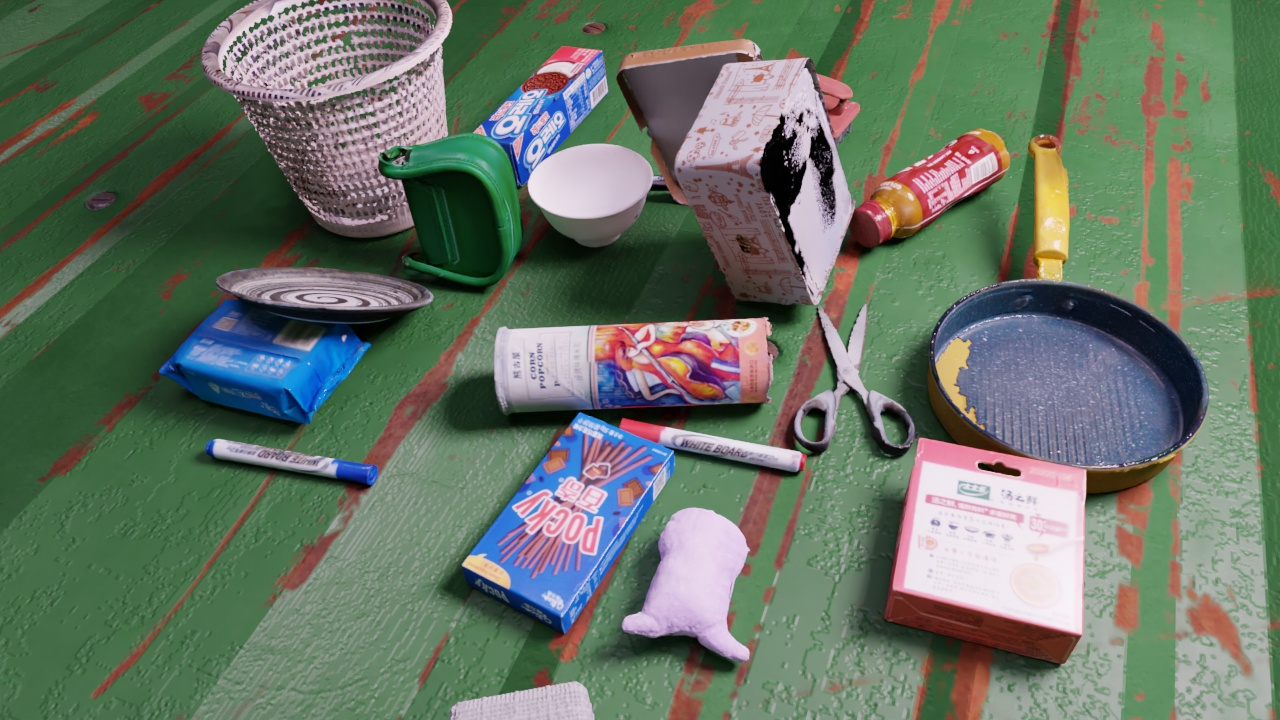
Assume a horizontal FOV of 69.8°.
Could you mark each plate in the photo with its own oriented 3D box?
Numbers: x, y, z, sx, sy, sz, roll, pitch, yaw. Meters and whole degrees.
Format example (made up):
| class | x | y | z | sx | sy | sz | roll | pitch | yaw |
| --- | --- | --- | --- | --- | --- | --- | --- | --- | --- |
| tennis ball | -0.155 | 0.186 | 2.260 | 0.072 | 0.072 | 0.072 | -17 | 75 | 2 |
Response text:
| class | x | y | z | sx | sy | sz | roll | pitch | yaw |
| --- | --- | --- | --- | --- | --- | --- | --- | --- | --- |
| plate | -0.272 | -0.055 | 0.800 | 0.179 | 0.024 | 0.179 | 6 | 14 | -2 |

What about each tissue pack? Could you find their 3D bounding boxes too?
| class | x | y | z | sx | sy | sz | roll | pitch | yaw |
| --- | --- | --- | --- | --- | --- | --- | --- | --- | --- |
| tissue pack | -0.318 | 0.000 | 0.779 | 0.157 | 0.052 | 0.094 | 12 | 46 | 16 |

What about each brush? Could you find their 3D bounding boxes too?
| class | x | y | z | sx | sy | sz | roll | pitch | yaw |
| --- | --- | --- | --- | --- | --- | --- | --- | --- | --- |
| brush | 0.156 | -0.277 | 0.984 | 0.146 | 0.069 | 0.063 | 22 | 52 | 24 |

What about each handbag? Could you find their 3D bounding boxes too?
| class | x | y | z | sx | sy | sz | roll | pitch | yaw |
| --- | --- | --- | --- | --- | --- | --- | --- | --- | --- |
| handbag | -0.172 | -0.135 | 0.841 | 0.120 | 0.131 | 0.067 | -2 | 37 | 9 |

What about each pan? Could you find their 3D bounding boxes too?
| class | x | y | z | sx | sy | sz | roll | pitch | yaw |
| --- | --- | --- | --- | --- | --- | --- | --- | --- | --- |
| pan | 0.337 | -0.054 | 0.748 | 0.198 | 0.078 | 0.356 | 6 | 48 | 11 |

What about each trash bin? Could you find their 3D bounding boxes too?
| class | x | y | z | sx | sy | sz | roll | pitch | yaw |
| --- | --- | --- | --- | --- | --- | --- | --- | --- | --- |
| trash bin | -0.280 | -0.238 | 0.902 | 0.227 | 0.192 | 0.227 | -3 | 47 | 3 |

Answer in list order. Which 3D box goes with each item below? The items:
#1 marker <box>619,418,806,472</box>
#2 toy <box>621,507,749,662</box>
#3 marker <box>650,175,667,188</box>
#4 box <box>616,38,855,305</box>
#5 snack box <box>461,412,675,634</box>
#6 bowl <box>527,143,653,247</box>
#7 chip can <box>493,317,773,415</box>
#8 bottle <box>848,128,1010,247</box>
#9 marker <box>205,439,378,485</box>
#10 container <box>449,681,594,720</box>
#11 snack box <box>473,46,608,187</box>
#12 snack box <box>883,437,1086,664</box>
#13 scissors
| class | x | y | z | sx | sy | sz | roll | pitch | yaw |
| --- | --- | --- | --- | --- | --- | --- | --- | --- | --- |
| marker | 0.054 | 0.065 | 0.705 | 0.145 | 0.017 | 0.017 | 10 | 48 | 15 |
| toy | 0.040 | 0.145 | 0.616 | 0.084 | 0.039 | 0.107 | 17 | 44 | 2 |
| marker | -0.007 | -0.187 | 0.951 | 0.124 | 0.015 | 0.018 | 3 | 51 | 7 |
| box | 0.065 | -0.164 | 0.803 | 0.193 | 0.183 | 0.156 | 6 | 57 | 32 |
| snack box | -0.048 | 0.112 | 0.664 | 0.084 | 0.026 | 0.156 | 20 | 52 | 22 |
| bowl | -0.045 | -0.149 | 0.885 | 0.118 | 0.065 | 0.118 | -3 | 46 | 3 |
| chip can | -0.004 | 0.004 | 0.732 | 0.215 | 0.071 | 0.071 | -2 | 46 | 2 |
| bottle | 0.272 | -0.162 | 0.870 | 0.174 | 0.058 | 0.057 | -31 | 51 | -22 |
| marker | -0.277 | 0.079 | 0.724 | 0.146 | 0.017 | 0.016 | 7 | 48 | 12 |
| container | -0.058 | 0.247 | 0.496 | 0.090 | 0.090 | 0.114 | -9 | 43 | -4 |
| snack box | -0.107 | -0.273 | 1.015 | 0.058 | 0.057 | 0.206 | 15 | 50 | 22 |
| snack box | 0.231 | 0.123 | 0.614 | 0.113 | 0.044 | 0.126 | 11 | 50 | 16 |
| scissors | 0.169 | 0.015 | 0.744 | 0.170 | 0.014 | 0.159 | -32 | 51 | -24 |

◆ **Exercise instructions**: Exactly as they appear above, write out all the entries, but not the images.

◆ **Response**:
Assume a horizontal FOV of 69.8°.
Could you mark each plate in the photo with its own oriented 3D box?
Numbers: x, y, z, sx, sy, sz, roll, pitch, yaw. Meters and whole degrees.
Format example (made up):
| class | x | y | z | sx | sy | sz | roll | pitch | yaw |
| --- | --- | --- | --- | --- | --- | --- | --- | --- | --- |
| tennis ball | -0.155 | 0.186 | 2.260 | 0.072 | 0.072 | 0.072 | -17 | 75 | 2 |
Response text:
| class | x | y | z | sx | sy | sz | roll | pitch | yaw |
| --- | --- | --- | --- | --- | --- | --- | --- | --- | --- |
| plate | -0.272 | -0.055 | 0.800 | 0.179 | 0.024 | 0.179 | 6 | 14 | -2 |

What about each tissue pack? Could you find their 3D bounding boxes too?
| class | x | y | z | sx | sy | sz | roll | pitch | yaw |
| --- | --- | --- | --- | --- | --- | --- | --- | --- | --- |
| tissue pack | -0.318 | 0.000 | 0.779 | 0.157 | 0.052 | 0.094 | 12 | 46 | 16 |

What about each brush? Could you find their 3D bounding boxes too?
| class | x | y | z | sx | sy | sz | roll | pitch | yaw |
| --- | --- | --- | --- | --- | --- | --- | --- | --- | --- |
| brush | 0.156 | -0.277 | 0.984 | 0.146 | 0.069 | 0.063 | 22 | 52 | 24 |

What about each handbag? Could you find their 3D bounding boxes too?
| class | x | y | z | sx | sy | sz | roll | pitch | yaw |
| --- | --- | --- | --- | --- | --- | --- | --- | --- | --- |
| handbag | -0.172 | -0.135 | 0.841 | 0.120 | 0.131 | 0.067 | -2 | 37 | 9 |

What about each pan? Could you find their 3D bounding boxes too?
| class | x | y | z | sx | sy | sz | roll | pitch | yaw |
| --- | --- | --- | --- | --- | --- | --- | --- | --- | --- |
| pan | 0.337 | -0.054 | 0.748 | 0.198 | 0.078 | 0.356 | 6 | 48 | 11 |

What about each trash bin? Could you find their 3D bounding boxes too?
| class | x | y | z | sx | sy | sz | roll | pitch | yaw |
| --- | --- | --- | --- | --- | --- | --- | --- | --- | --- |
| trash bin | -0.280 | -0.238 | 0.902 | 0.227 | 0.192 | 0.227 | -3 | 47 | 3 |

Answer in list order. Which 3D box goes with each item below? The items:
#1 marker <box>619,418,806,472</box>
#2 toy <box>621,507,749,662</box>
#3 marker <box>650,175,667,188</box>
#4 box <box>616,38,855,305</box>
#5 snack box <box>461,412,675,634</box>
#6 bowl <box>527,143,653,247</box>
#7 chip can <box>493,317,773,415</box>
#8 bottle <box>848,128,1010,247</box>
#9 marker <box>205,439,378,485</box>
#10 container <box>449,681,594,720</box>
#11 snack box <box>473,46,608,187</box>
#12 snack box <box>883,437,1086,664</box>
#13 scissors
| class | x | y | z | sx | sy | sz | roll | pitch | yaw |
| --- | --- | --- | --- | --- | --- | --- | --- | --- | --- |
| marker | 0.054 | 0.065 | 0.705 | 0.145 | 0.017 | 0.017 | 10 | 48 | 15 |
| toy | 0.040 | 0.145 | 0.616 | 0.084 | 0.039 | 0.107 | 17 | 44 | 2 |
| marker | -0.007 | -0.187 | 0.951 | 0.124 | 0.015 | 0.018 | 3 | 51 | 7 |
| box | 0.065 | -0.164 | 0.803 | 0.193 | 0.183 | 0.156 | 6 | 57 | 32 |
| snack box | -0.048 | 0.112 | 0.664 | 0.084 | 0.026 | 0.156 | 20 | 52 | 22 |
| bowl | -0.045 | -0.149 | 0.885 | 0.118 | 0.065 | 0.118 | -3 | 46 | 3 |
| chip can | -0.004 | 0.004 | 0.732 | 0.215 | 0.071 | 0.071 | -2 | 46 | 2 |
| bottle | 0.272 | -0.162 | 0.870 | 0.174 | 0.058 | 0.057 | -31 | 51 | -22 |
| marker | -0.277 | 0.079 | 0.724 | 0.146 | 0.017 | 0.016 | 7 | 48 | 12 |
| container | -0.058 | 0.247 | 0.496 | 0.090 | 0.090 | 0.114 | -9 | 43 | -4 |
| snack box | -0.107 | -0.273 | 1.015 | 0.058 | 0.057 | 0.206 | 15 | 50 | 22 |
| snack box | 0.231 | 0.123 | 0.614 | 0.113 | 0.044 | 0.126 | 11 | 50 | 16 |
| scissors | 0.169 | 0.015 | 0.744 | 0.170 | 0.014 | 0.159 | -32 | 51 | -24 |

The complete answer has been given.